*** Block opens ***

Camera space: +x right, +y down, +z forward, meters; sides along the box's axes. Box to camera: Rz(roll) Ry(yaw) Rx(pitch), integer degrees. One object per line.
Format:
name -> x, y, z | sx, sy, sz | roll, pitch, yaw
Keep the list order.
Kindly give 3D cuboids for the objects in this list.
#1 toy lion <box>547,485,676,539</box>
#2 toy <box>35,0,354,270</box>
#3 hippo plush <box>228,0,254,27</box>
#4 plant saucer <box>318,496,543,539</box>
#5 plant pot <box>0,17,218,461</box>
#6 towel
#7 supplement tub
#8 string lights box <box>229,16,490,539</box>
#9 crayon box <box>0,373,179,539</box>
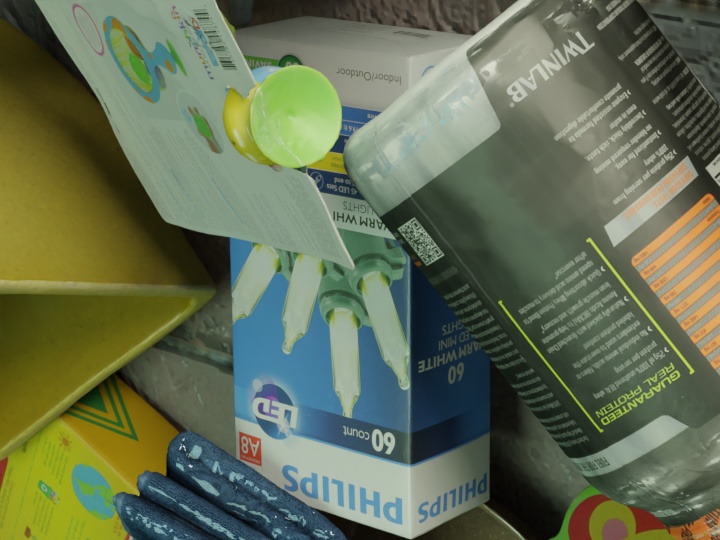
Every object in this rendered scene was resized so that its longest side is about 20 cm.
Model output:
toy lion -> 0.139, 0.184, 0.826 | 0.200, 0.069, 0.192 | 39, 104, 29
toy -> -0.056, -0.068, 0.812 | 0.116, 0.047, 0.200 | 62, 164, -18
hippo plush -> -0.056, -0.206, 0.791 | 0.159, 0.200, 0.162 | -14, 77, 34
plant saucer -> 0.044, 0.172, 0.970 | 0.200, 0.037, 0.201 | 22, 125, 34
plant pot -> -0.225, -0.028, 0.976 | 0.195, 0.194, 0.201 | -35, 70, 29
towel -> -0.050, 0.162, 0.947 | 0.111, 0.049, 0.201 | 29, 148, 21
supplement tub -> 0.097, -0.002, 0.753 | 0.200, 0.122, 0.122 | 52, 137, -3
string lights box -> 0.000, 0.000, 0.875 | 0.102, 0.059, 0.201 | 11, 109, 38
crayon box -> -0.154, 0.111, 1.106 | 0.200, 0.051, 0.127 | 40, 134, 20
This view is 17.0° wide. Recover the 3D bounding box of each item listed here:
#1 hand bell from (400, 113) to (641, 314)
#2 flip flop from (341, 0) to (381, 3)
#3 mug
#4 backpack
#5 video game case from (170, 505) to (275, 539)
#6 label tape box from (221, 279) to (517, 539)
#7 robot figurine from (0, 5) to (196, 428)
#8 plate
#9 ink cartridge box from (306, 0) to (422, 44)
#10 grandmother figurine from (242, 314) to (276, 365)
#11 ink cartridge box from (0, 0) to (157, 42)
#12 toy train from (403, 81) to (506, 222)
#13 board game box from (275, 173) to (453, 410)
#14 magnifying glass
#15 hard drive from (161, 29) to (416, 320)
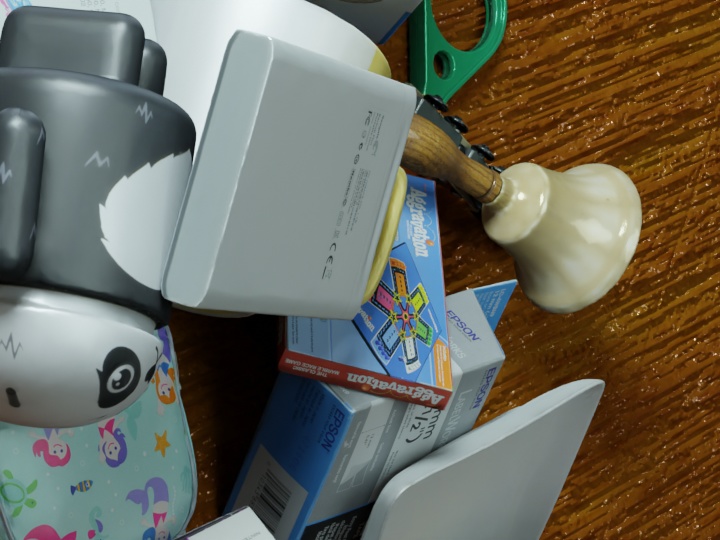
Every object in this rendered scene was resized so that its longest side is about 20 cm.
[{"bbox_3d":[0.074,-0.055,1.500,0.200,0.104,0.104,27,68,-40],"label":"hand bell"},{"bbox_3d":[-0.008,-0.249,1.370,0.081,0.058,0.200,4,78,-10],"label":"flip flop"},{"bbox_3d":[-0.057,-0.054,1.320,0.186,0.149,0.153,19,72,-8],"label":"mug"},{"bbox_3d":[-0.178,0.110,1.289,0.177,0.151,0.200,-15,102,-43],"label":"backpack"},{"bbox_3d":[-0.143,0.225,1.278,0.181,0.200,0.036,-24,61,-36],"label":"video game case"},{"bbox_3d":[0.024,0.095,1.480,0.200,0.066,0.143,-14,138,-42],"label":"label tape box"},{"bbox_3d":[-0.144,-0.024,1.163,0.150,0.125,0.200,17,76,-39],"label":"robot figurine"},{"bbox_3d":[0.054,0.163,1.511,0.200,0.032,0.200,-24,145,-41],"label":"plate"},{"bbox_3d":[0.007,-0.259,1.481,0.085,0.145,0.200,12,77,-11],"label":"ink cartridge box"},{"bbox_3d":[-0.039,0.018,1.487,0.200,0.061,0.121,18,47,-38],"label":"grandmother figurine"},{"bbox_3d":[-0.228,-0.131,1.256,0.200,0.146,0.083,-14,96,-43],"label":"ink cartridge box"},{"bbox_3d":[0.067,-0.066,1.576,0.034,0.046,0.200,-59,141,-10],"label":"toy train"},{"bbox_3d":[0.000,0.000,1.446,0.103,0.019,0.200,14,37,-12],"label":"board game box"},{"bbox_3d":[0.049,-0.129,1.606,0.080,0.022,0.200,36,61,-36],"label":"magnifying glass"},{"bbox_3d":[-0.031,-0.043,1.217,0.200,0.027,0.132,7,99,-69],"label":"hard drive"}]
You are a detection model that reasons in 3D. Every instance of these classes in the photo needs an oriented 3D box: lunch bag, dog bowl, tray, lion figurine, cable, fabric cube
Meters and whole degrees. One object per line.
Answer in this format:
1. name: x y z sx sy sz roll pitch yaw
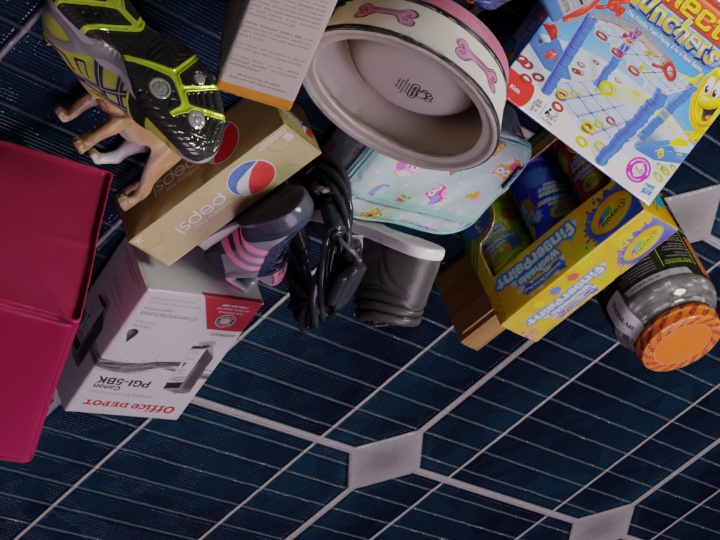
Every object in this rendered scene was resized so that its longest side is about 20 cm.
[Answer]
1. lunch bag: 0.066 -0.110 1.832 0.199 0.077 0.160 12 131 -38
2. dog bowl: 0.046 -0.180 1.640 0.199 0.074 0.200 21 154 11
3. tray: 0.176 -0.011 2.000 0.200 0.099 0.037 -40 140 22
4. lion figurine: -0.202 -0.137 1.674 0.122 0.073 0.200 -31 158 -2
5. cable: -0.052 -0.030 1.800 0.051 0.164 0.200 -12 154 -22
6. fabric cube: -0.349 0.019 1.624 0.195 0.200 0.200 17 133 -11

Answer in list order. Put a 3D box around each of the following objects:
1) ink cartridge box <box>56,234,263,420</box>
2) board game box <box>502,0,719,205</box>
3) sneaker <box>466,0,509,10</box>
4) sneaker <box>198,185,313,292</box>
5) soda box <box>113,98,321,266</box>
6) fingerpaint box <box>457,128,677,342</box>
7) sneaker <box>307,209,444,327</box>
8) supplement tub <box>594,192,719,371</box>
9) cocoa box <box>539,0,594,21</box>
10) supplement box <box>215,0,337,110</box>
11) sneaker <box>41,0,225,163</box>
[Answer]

*** Block closes ***

Work required.
Retype the records above exactly, starting at the line that contains "1. name: x y z sx sy sz roll pitch yaw" and going through the last line, and leave out any pictures.

Task solution.
1. name: x y z sx sy sz roll pitch yaw
Every object in this rendered scene was resized so that its longest side is about 20 cm.
[Answer]
1. lunch bag: 0.066 -0.110 1.832 0.199 0.077 0.160 12 131 -38
2. dog bowl: 0.046 -0.180 1.640 0.199 0.074 0.200 21 154 11
3. tray: 0.176 -0.011 2.000 0.200 0.099 0.037 -40 140 22
4. lion figurine: -0.202 -0.137 1.674 0.122 0.073 0.200 -31 158 -2
5. cable: -0.052 -0.030 1.800 0.051 0.164 0.200 -12 154 -22
6. fabric cube: -0.349 0.019 1.624 0.195 0.200 0.200 17 133 -11

Answer in list order. Put a 3D box around each of the following objects:
1) ink cartridge box <box>56,234,263,420</box>
2) board game box <box>502,0,719,205</box>
3) sneaker <box>466,0,509,10</box>
4) sneaker <box>198,185,313,292</box>
5) soda box <box>113,98,321,266</box>
6) fingerpaint box <box>457,128,677,342</box>
7) sneaker <box>307,209,444,327</box>
8) supplement tub <box>594,192,719,371</box>
9) cocoa box <box>539,0,594,21</box>
10) supplement box <box>215,0,337,110</box>
11) sneaker <box>41,0,225,163</box>
[Answer]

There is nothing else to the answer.